Minnesota's Mayo Planning $200M for Improvements

CHICAGO — The Rochester, Minn.-based Mayo Clinic plans to enter the market this spring to borrow roughly $200 million of new money for projects as part of the clinic’s plans to spend $700 million annually on capital improvements over the next five years.

Bank of America Merrill Lynch and Wells Fargo Securities would be underwriters on the transaction, which is planned for the next two months, said Mayo manager of treasury services Rick Haeflinger. Rochester is the conduit issuer.

The prestigious hospital late last week announced its latest financial results and plans to spend $700 million annually over the next five years on improvements to current facilities and for new facilities, including two proton therapy centers.

“Right now, we are anticipating issuing between $400 million and $500 million of over the next three to four years” for the program, “but that can always change,” Haeflinger said.

The clinic’s capital plans include ongoing and new projects, including its proton beam therapy program, expansion of the emergency department at Saint Mary’s Hospital in Rochester, and improvements at other Mayo Clinic Health System sites. The clinic is building two proton therapy centers, one at its main Rochester campus and the second at its Arizona facility. The system also has a Florida campus.

Unlike radiation therapy, in which the dosage is complicated by a need to kill cancer cells without damaging healthy tissue, proton therapy uses protons generated through an acceleration process with magnets steering the proton beam to allow for a more precise targeting of cancer cells.

Other projects include the development of three new centers — the Center for Regenerative Medicine, the Center for Individualized Medicine,and the Center for the Science of Health Care Delivery, according to a statement.

The system reported last week that in fiscal 2011 it treated 1 million patients and generated annual revenues of $8.5 billion. It closed out the year with $610 million of net operating income for a more than 7% margin, up from $515 million in 2010 when it saw $7.9 billion in revenues.

Patient volume remained steady and the system received $318 million from benefactors and others. The clinic increased its planned pension contribution in 2011 as it seeks to improve the fund’s condition.

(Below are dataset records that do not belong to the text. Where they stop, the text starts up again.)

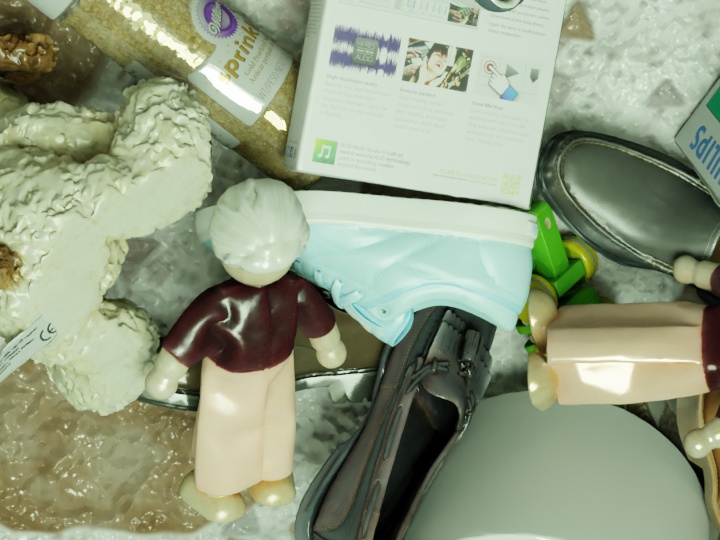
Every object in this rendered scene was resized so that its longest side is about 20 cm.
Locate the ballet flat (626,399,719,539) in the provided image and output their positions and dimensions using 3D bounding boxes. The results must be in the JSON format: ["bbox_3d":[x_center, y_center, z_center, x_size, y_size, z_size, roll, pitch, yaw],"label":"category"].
[{"bbox_3d":[0.196,0.127,1.252,0.067,0.046,0.201,-23,118,-18],"label":"ballet flat"}]

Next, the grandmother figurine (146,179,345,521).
[{"bbox_3d":[-0.064,0.043,1.088,0.121,0.060,0.201,-19,130,-39],"label":"grandmother figurine"}]

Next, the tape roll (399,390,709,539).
[{"bbox_3d":[0.108,0.192,1.185,0.201,0.140,0.204,5,123,8],"label":"tape roll"}]

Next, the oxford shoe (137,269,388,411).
[{"bbox_3d":[-0.061,0.036,1.182,0.198,0.073,0.085,-6,109,-15],"label":"oxford shoe"}]

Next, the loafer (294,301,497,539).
[{"bbox_3d":[0.037,0.090,1.152,0.072,0.063,0.201,42,71,-36],"label":"loafer"}]

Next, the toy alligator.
[{"bbox_3d":[0.105,0.000,1.192,0.054,0.059,0.201,-9,112,46],"label":"toy alligator"}]

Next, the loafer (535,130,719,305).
[{"bbox_3d":[0.197,-0.026,1.166,0.199,0.072,0.073,26,84,-16],"label":"loafer"}]

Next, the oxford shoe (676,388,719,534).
[{"bbox_3d":[0.247,0.119,1.194,0.071,0.072,0.200,5,152,27],"label":"oxford shoe"}]

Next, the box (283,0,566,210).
[{"bbox_3d":[0.043,-0.144,1.101,0.143,0.036,0.202,9,96,-19],"label":"box"}]

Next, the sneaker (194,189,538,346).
[{"bbox_3d":[0.000,0.000,1.124,0.198,0.074,0.083,3,83,9],"label":"sneaker"}]

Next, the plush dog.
[{"bbox_3d":[-0.193,-0.035,1.093,0.160,0.172,0.201,0,117,-38],"label":"plush dog"}]

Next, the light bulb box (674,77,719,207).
[{"bbox_3d":[0.324,-0.084,1.135,0.198,0.125,0.201,32,105,-16],"label":"light bulb box"}]

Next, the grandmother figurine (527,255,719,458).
[{"bbox_3d":[0.194,0.045,1.101,0.198,0.061,0.122,-6,73,17],"label":"grandmother figurine"}]

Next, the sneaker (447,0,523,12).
[{"bbox_3d":[0.077,-0.232,1.023,0.073,0.071,0.202,-10,114,-26],"label":"sneaker"}]

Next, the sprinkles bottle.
[{"bbox_3d":[-0.096,-0.125,1.117,0.199,0.068,0.068,37,104,-17],"label":"sprinkles bottle"}]

Mayo’s mid-double-A ratings on $1.7 billion of debt were affirmed last spring by Moody’s Investors Service and Standard & Poor’s. The ratings are supported by the system’s strong financial performance and international clinical reputation. Mayo operates the nation’s oldest and largest physicians’ network, with 2,000 doctors and scientists at its Rochester headquarters.

“These attributes are offset by Mayo’s extensive support incurred for the research and teaching missions, which is typical of large academic medical centers,” Moody’s wrote in its report last year. “While improved, balance-sheet indicators are somewhat modest compared to similarly rated peers.”

The clinic struggled through fiscal 2008, during which it saw a $1.7 billion decline in unrestricted net assets and reduced cash flow that hurt debt-service coverage ratios. It also faced increased pension contributions and was strained by capital projects.

Management responded quickly, scaling back capital spending, cutting expenses, and launching a multi-year transformation plan aimed at improving patient access and affordability.